Vision-Language Cross-Attention for Real-Time Autonomous Driving
Santosh Patapati, Trisanth Srinivasan, Murari Ambati
TL;DR
The paper addresses real-time autonomous driving by integrating perception, HD-map context, and goal reasoning within a single vision-language transformer. It introduces XYZ-Drive, which tokenizes RGB frames, 25m×25m BEV map patches, and waypoint text, applying a lightweight goal-centered cross-attention to fuse modalities before a partially fine-tuned LLaMA-3.2 11B Vision backbone for steering and speed. On the MD-NEX Outdoor-Driving benchmark, XYZ-Drive achieves SR=95% and SPL=0.80, outperforming the prior best PhysNav-DG by about 15 percentage points in SR and halving collisions, all with a single backbone and no separate explanation branch.

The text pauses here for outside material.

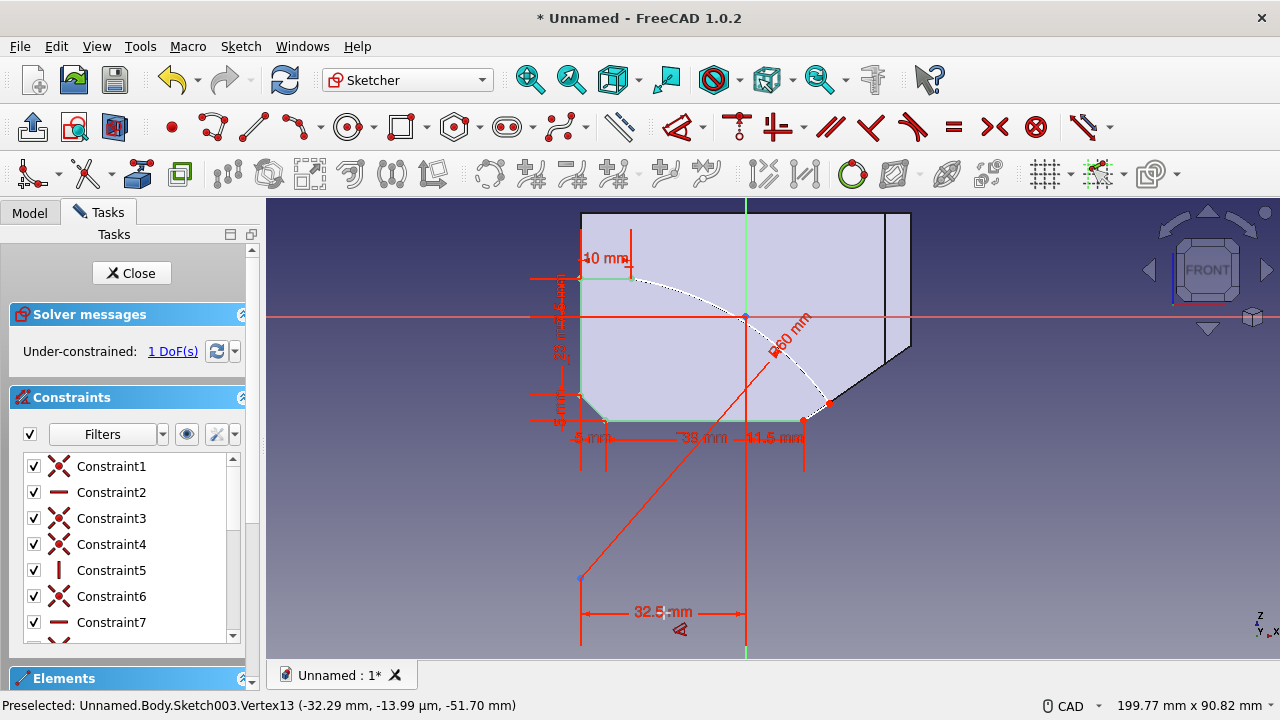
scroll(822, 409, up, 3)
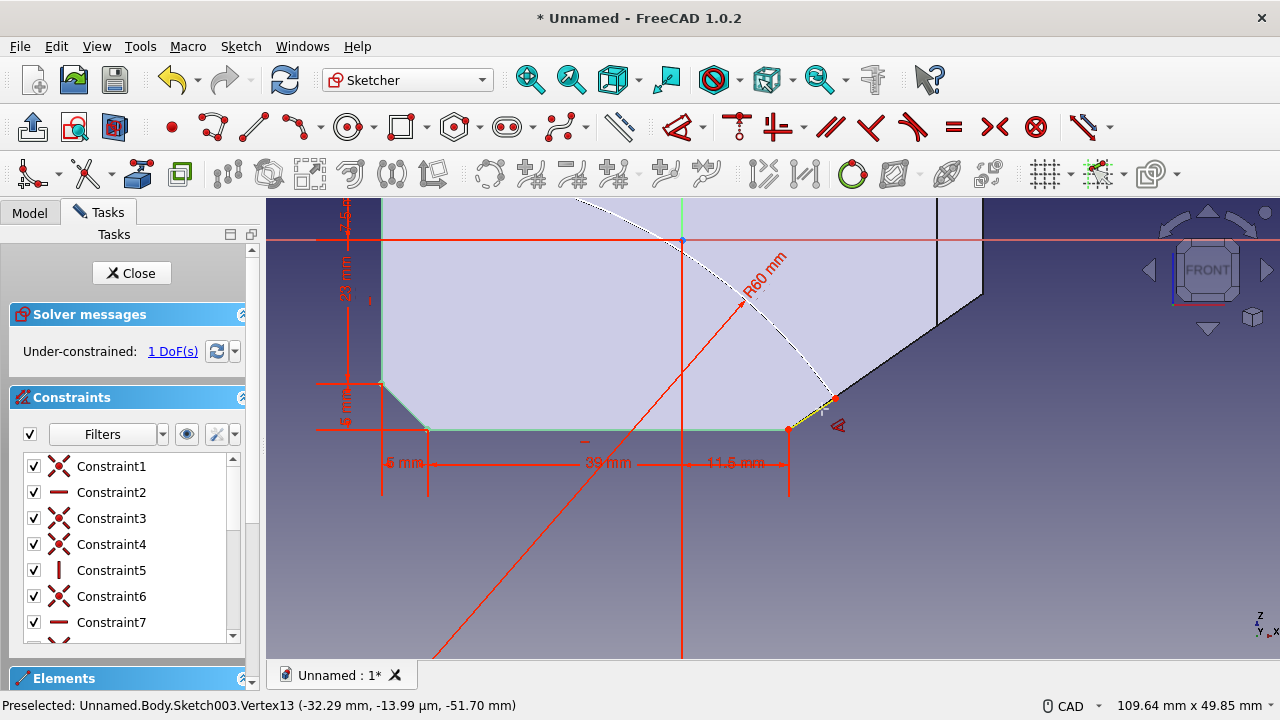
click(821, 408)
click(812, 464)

The results suggest that early, token-level fusion of intent and map layout enables accurate, transparent, real-time driving and offers a scalable path toward semantics-aware vehicle control.
Abstract
Autonomous cars need geometric accuracy and semantic understanding to navigate complex environments, yet most stacks handle them separately. We present XYZ-Drive, a single vision-language model that reads a front-camera frame, a 25m $\times$ 25m overhead map, and the next waypoint, then outputs steering and speed. A lightweight goal-centered cross-attention layer lets waypoint tokens highlight relevant image and map patches, supporting both action and textual explanations, before the fused tokens enter a partially fine-tuned LLaMA-3.2 11B model. On the MD-NEX Outdoor-Driving benchmark XYZ-Drive attains 95% success and 0.80 Success weighted by Path Length (SPL), surpassing PhysNav-DG by 15%. and halving collisions, all while significantly improving efficiency by using only a single branch. Sixteen ablations explain the gains. Removing any modality (vision, waypoint, map) drops success by up to 11%, confirming their complementary roles and rich connections. Replacing goal-centered attention with simple concatenation cuts 3% in performance, showing query-based fusion injects map knowledge more effectively. Keeping the transformer frozen loses 5%, showing the importance of fine-tuning when applying VLMs for specific tasks such as autonomous driving. Coarsening map resolution from 10 cm to 40 cm blurs lane edges and raises crash rate. Overall, these results demonstrate that early, token-level fusion of intent and map layout enables accurate, transparent, real-time driving.